Anyway I have setup another test account and have dumped a trace file. Note that when I run this it works. If I then logout, close the browser and run “ ./nginx_stage nginx_clean” . The problem re-occurs. I have tried adding this test account as a local user on the ood host and still I get “ Error – user does not exist: fredfoo
Run nginx_stage --help to see the full.list of command options.”

but this works until a reboot or I guess a clean up runs.

strace -o /tmp/ood-keam sudo -u apache sudo /opt/ood/nginx_stage/sbin/nginx_stage pun -u skeam -a https%3a%2f%2fresearch-cluster.petermac.org.au%3a443%2fnginx%2finit%3fredir%3d%24http_x_forwarded_escaped_uri

Please please anyone know where to look for this?

I would paste the strace but it’s quite a lot of lines as you could image. Is there a preferred way I could send it to you? Many Thx

EDIT: Clarification, I don’t even need to run the “ ./nginx_stage nginx_clean” command, simply logging out, closing the bowser, re-logging in gets me back to square one. Also note that the file “ /var/log/ondemand-nginx/skeam/error.log” has no entries in it so this issue must be early in the process. i.e. coz the user is not found according to OOD login. Thx

I just enabled uploading .txt files (along with yml and json). We have plenty of storage too (though it can’t be more than a couple kb?).

In any case, you can just upload it to this topic if you like. If not, maybe pastebin could work. Feel free to remove or obfuscate whatever you need.

Thx, Here is the attachment from:

strace -o /tmp/ood-keam sudo -u apache sudo /opt/ood/nginx_stage/sbin/nginx_stage pun -u skeam -a https%3a%2f%2ffredo-cluster%3a443%2fnginx%2finit%3fredir%3d%24http_x_forwarded_escaped_uri

ood-keam.txt (113.5 KB)

Hi Guys,

Any insights?

Thanks for the attachment, still looking into it.

There’s something very funny going on here contextually grabbing these straces.

Initially I tried to replicate to get a strace log like yours and got something very different. Then saw you created this from the command line, so replicated that and I believe that’s wrong. What you have in the strace log is as far as I can tell, OK. You never hit ruby code in nginx_stage, indeed you never hit bash code in the sbin/nginx_stage bash script!
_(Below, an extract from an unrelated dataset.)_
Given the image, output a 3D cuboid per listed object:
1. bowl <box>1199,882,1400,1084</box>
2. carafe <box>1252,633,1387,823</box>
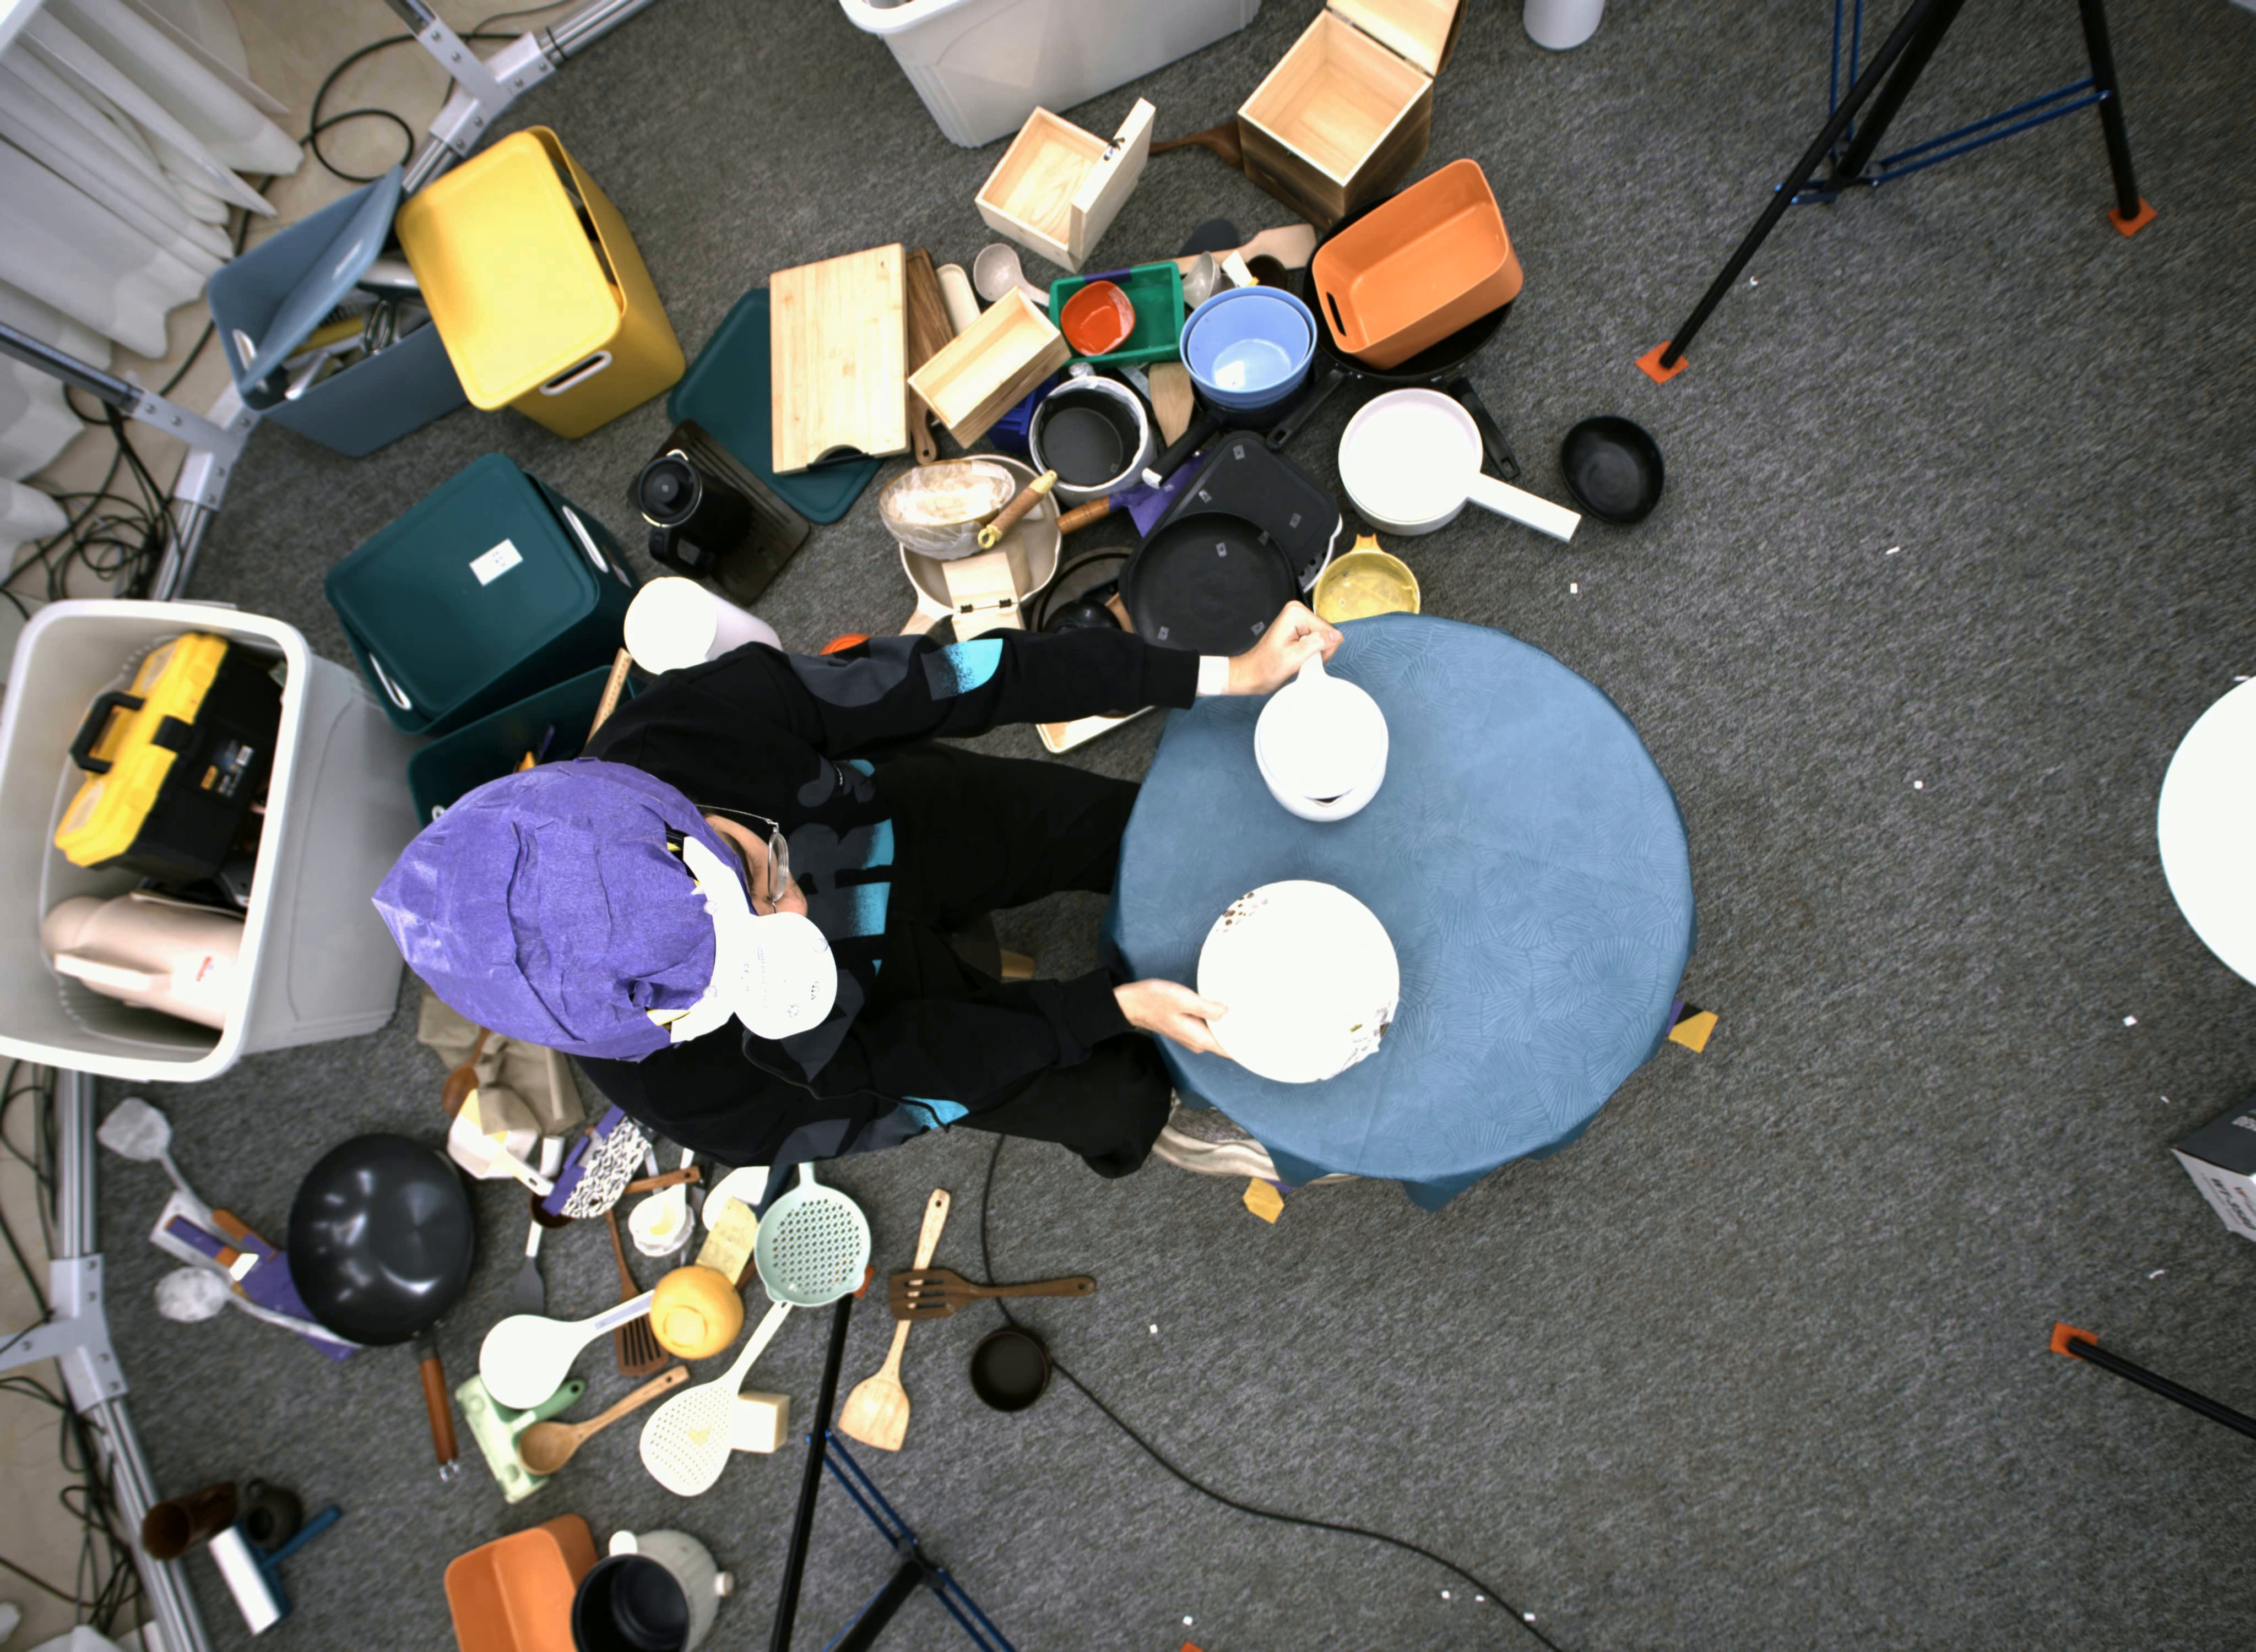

And it exists 0 meaning it was a good exit.

I think you’re getting a strace of the sudo command itself and not a strace of /opt/ood/nginx_stage/sbin/nginx_stage command.

I think you should run the strace command as root directly instead of sudo -u apache. That is, su - root and then run strace.

Do a simple search for “ruby” in the output and you should see all sorts of hits. I think that’s the strace output we’re looking for.

This topic was automatically closed 180 days after the last reply. New replies are no longer allowed.

This should be resolved in 2.0. Or at least it gives you a better error message and tells you what you need to reconfigure in the SSSD stack.